Susurluk döneminin meşhur ifade “fasa fiso” idi. Bu dönemin sembolü de “tırı vırı” olabilir. İçinde silah yakalanan tır haberleri sonrasında hiçbir şey olmamış gibi davranan bir ülke gerçeği var karşımızda.
Kurumlar arasında bir gerilim yaşanmasa, duyma imkanı bulamayacağımız bu girişimleri salt yıpratma kampanyası olarak tanımlayıp geçmek Türkiye’nin çok başını ağrıtacaktır. Cenevre’de yeni bir çözüm arayışının arifesinde, “Türkmenlere yardım” gerekçesinin arkasına sığınmak içerde anlaşılır bulunsa da dış politikada yeni rahatsızlıklara zemin oluşturacaktır.” Herkes işine baksın” dediğinizde gazetecilerin de kendi işine bakıp konuyu manşete taşıması kaçınılmaz hale gelir.
Bir son dakika eklemesi yaşanmazsa, Başbakan’ın Asya ziyaretinde uçağına binme lütfu sunulan yayın organları tahmin edeceğimizin ötesinde sınırlı tutulmuş. Eskiden askerlerin akredite etmediği yayın kuruluşlarını sayardık. Şimdi tam tersine akredite edilenleri saymak daha kolay. Her dönemde dışlanan Kürt ve sol medya zaten yok. Tahmin edeceğimiz gibi cemaate yakın yayın organlarının temsilcileri de yok. Dahası merkez medya diye bilinen kuruluşların temsilcileri de yok. Peki kim var ?

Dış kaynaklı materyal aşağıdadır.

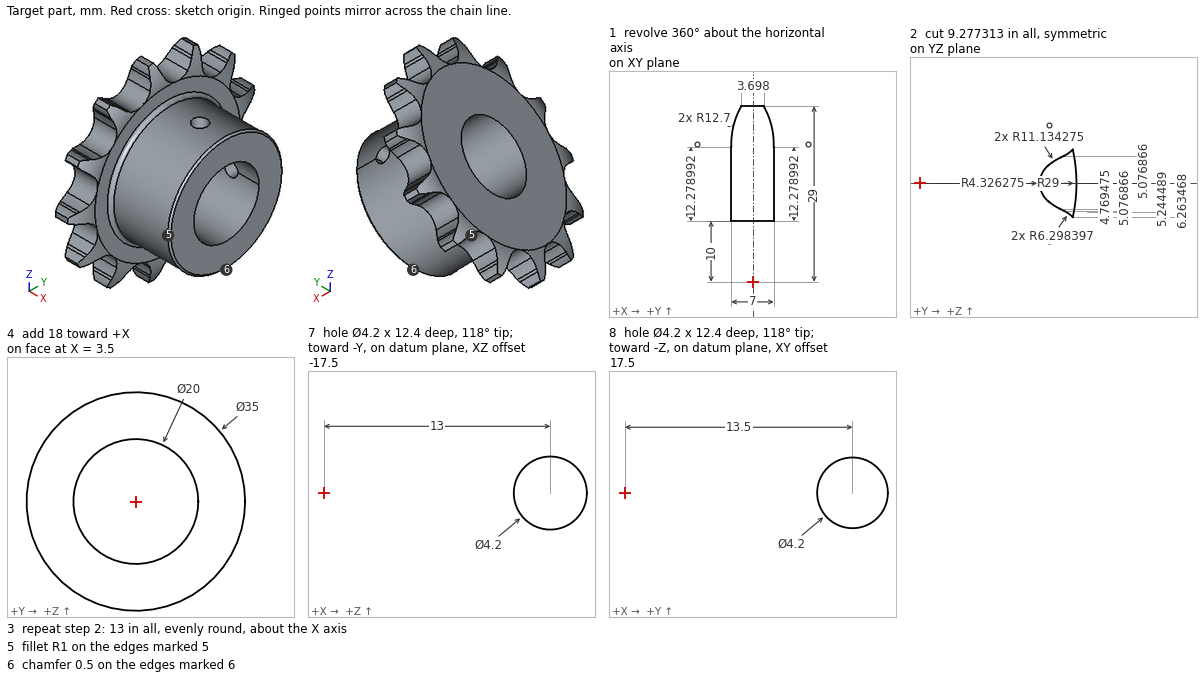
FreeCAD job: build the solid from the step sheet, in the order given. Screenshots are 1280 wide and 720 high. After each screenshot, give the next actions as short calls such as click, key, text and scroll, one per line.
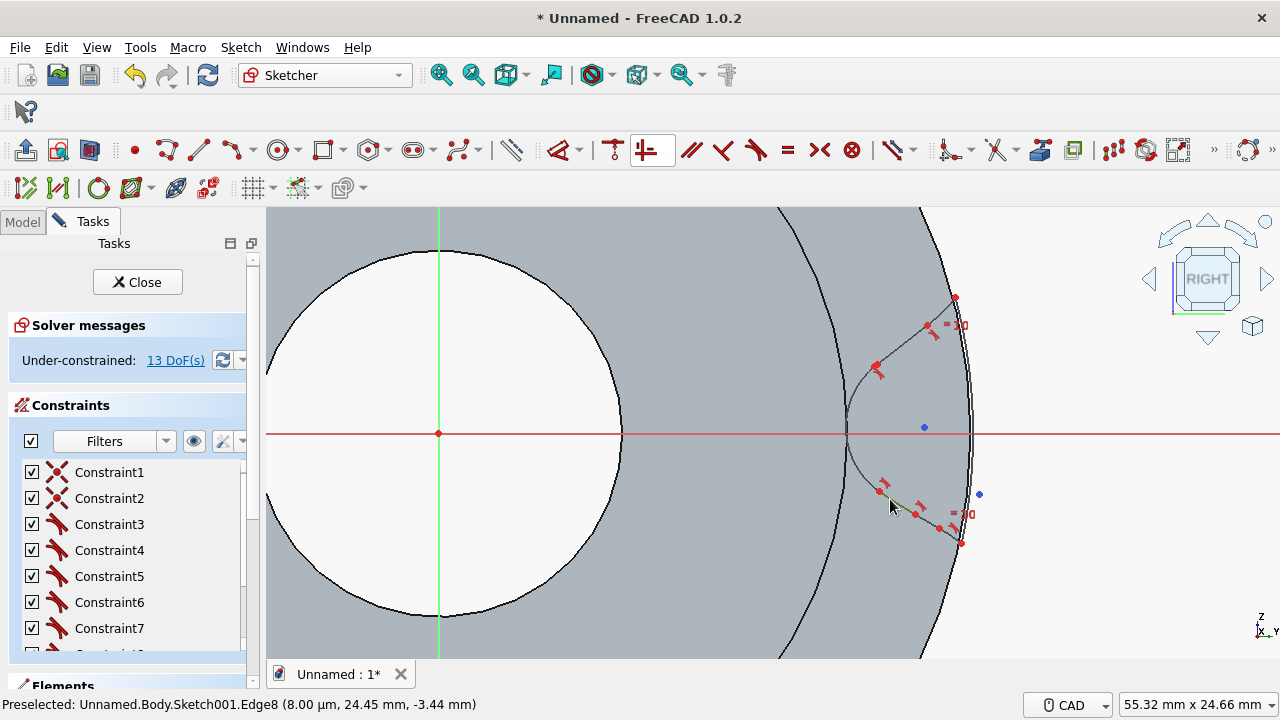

En zor günlerinde Başbakan’ın yanında duran ve ne pahasına olursa olsun hükümeti savunan yayın organları dışında kimse davet edilmemiş.
Kamuoyu oluşturma konusunda gelip dayanılan nokta aslında tam bir çıkmazdır, çaresizlik halidir, kendini yalnızlaştırmadır.
Ne Genelkurmay Başkanlığı’nı ziyaret eden Anayasa Mahkeme üyelerinin pozisyonu, “iade-i ziyaret” kapsamında izah edilebilir, ne de HSYK ve Danıştay ile yaşanan polemik sıradan bir ihtilaf olarak görülebilir. Hükümet temsilcilerinin başta “Yargıtay” ve “kumpas” açıklamaları olmak üzere söyledikleri sözlerin altında kalma ihtimali yüksek gözüküyor. Nitekim Arınç’ın bakanları, danışmanları, parti yöneticilerini uyaran sözleri bu sıkışmışlığı göstermektedir.
Görünen o ki, Başbakan’ın doğrudan seçmeni motive etmekten başka yapabileceği hiçbir yol kalmamıştır. Bu krizi yönetmeye ne vizyonları ne becerileri yetmeyen siyasal kadrolarla işin içinden çıkmak kolay olmayacaktır.
Silivri kapısında çocuklarını ziyaret eden bakanlar, yada hükümetin kolayca görevinden aldığı bürokratlar artık yeni Türkiye’nin bir gerçeğidir.
Bu gerçeğin Kürt sorununa yansımaları, başlı başına tartışmaya değer bir konudur. Bir yanda, Kürtlerle de çatışmayı göze alamayacak durumda olan bir hükümet var. Diğer yanda, muhtemelen hükümeti Kürt sorununda gerilim çıkararak sıkıştırmak isteyecek aktörler var.
Belki, Kürt sorununda çözüm iradesinin gelişmesi ile Türkiye demokratikleşmesinin birbirini kolayca besleyeceği özel dönemlerden birisinden geçiyoruz.
İktidar içi kavgada saf tutarak geleceğin iktidar ortaklığında pozisyon kapmak, bu dönemde muhaliflerin yapabileceği en vahim hata olacaktır. Pasif izlemenin ötesinde gündeme müdahil olabilecek bir radikal söylem inşa etmenin, kamuoyunda karşılığının en yüksek düzeyde bulunabileceği bir psikolojik ortam içerisindeyiz.
Sadece sembolik kazanımlar değil kalıcı yapısal dönüşüm için de büyük bir fırsat söz konusu. Bu imkanı pratiğe geçirmek, muhalif siyaset için rüştünü ispatlama olanağı sunabilir.
Yoksa sahiden “tırı vırı” ile vakti öldüren bir Türkiye’ye mahkum olmaya devam edeceğiz.